Nice transformation there - rewarding to see a little car getting TLC like that, really shows off your skills well to turn around a daily driver that takes a daily beating into looking as good as that :thumb:


----------



## chappo (Jan 7, 2010)

fantastic turn around mate,


----------



## carl123uk (Jun 16, 2008)

great turn around


----------



## Perfection Detailing (Nov 3, 2007)

Nice work Glyn :thumb:

Neil


----------



## andrewst500 (Nov 2, 2008)

great turn round:thumb:


----------



## FlyingfocRS (Aug 15, 2007)

glyn waxmaster said:


> Interior was pretty bad.


Cracking transformation.
Had one of these myself in White a few years ago.
But please lose the CV joint gear shift gaitor
Really quick, cheap and simple job.


----------



## J3FVW (Sep 28, 2009)

Stunning turn around :thumb:


----------



## gb270 (Aug 22, 2008)

great work on what was a real mess


----------



## pcc (Oct 11, 2006)

Nice work Glyn, you were right that was long overdue. Bet her friends are all queuing up now for the same treatment you lucky man.


----------



## Miglior (Feb 12, 2006)

cracking work Glyn!

where are the shots of the little helper?


----------



## ALANSHR (Jun 29, 2007)

Lovely job by you, hope she was happy with your efforts...

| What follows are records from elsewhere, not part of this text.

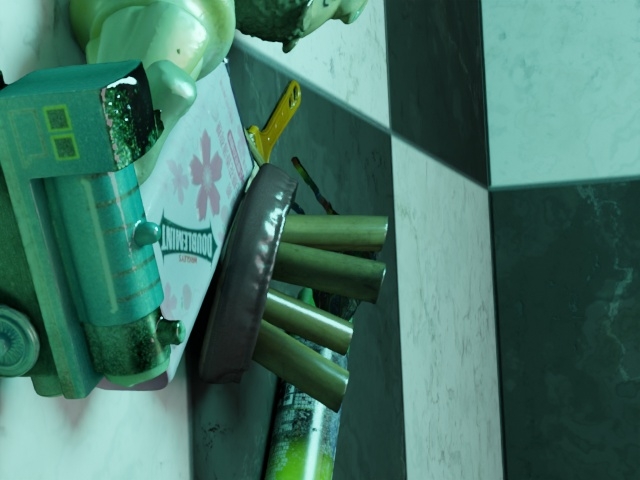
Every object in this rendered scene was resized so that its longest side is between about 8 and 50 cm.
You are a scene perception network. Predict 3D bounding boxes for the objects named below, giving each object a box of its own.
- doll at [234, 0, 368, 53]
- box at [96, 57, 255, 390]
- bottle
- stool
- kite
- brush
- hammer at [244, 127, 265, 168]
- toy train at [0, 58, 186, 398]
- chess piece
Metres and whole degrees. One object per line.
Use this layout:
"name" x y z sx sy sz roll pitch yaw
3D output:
"doll" -0.033 -0.411 1.679 0.247 0.247 0.349 61 38 -52
"box" -0.174 -0.035 1.362 0.369 0.112 0.190 -74 159 -49
"bottle" -0.013 0.218 1.821 0.093 0.093 0.330 63 29 -50
"stool" -0.031 0.058 1.523 0.272 0.178 0.272 -163 -90 -88
"kite" 0.000 0.000 1.738 0.152 0.015 0.285 -62 -142 27
"brush" -0.070 -0.159 1.858 0.314 0.017 0.090 -66 149 -56
"hammer" -0.111 -0.152 1.690 0.182 0.017 0.062 59 34 -39
"toy train" -0.218 -0.006 1.090 0.120 0.194 0.298 -58 141 -63
"chess piece" -0.178 -0.153 1.232 0.298 0.176 0.176 -85 161 -45

I was the same with my wife's choice, her's has the blue upper dash but it does sort of go with the seats and blue stripes on a white motor. I use raceglaze of all the interior and it subdues the blue a littel so make it even more bearable.

You should get her one of these for a tenner as its a real improvement over the rubber one and takes 10 minutes to fit:
http://www.fordpartsuk.com/shop/fiesta_mk6_gear_lever_synthetic_leather_gaiter_87.htm


----------



## Prism Detailing (Jun 8, 2006)

Excellent work and you really need to not leave it soo long in future, if you had to do write up for all the ones you have missed out, you would need a month off detailing just to get them done


----------



## Gleammachine (Sep 8, 2007)

Good to hear from you again Glyn, thats some transformation matey.:thumb:


----------



## Planet Man (Apr 12, 2008)

Great work - dinner plate in the glove box - priceless :thumb: 

Done one of these last year, very rewarding car to work on.


----------



## Mike V (Apr 7, 2007)

Superb turn around. :thumbs:


----------



## glyn waxmaster (Dec 20, 2006)

Thanks for all the comments guys, the gear lever one is spot on and new one ordered. Nice to know i ve been missed. Keep your eyes peeled for the Murci lp640 roadster i started today, it was bad


----------



## Guest (Mar 8, 2010)

Great job glyn :thumb:


----------



## dsms (Feb 1, 2008)

Killer work!


----------



## simon burns (Nov 1, 2011)

Nice top work mate,my missus also has a fiesta ST in black,wot a turnaround :thumb:


----------



## viperfire (Apr 10, 2007)

brilliant work

some serious orbing going on in some of your pics, you have ghosts lol


----------



## Trip tdi (Sep 3, 2008)

Its the second item i have seen this one, i love this detail alot.

Thanks for posting up.


----------



## ITHAQVA (Feb 20, 2011)

Great work, what a difference :thumb:


----------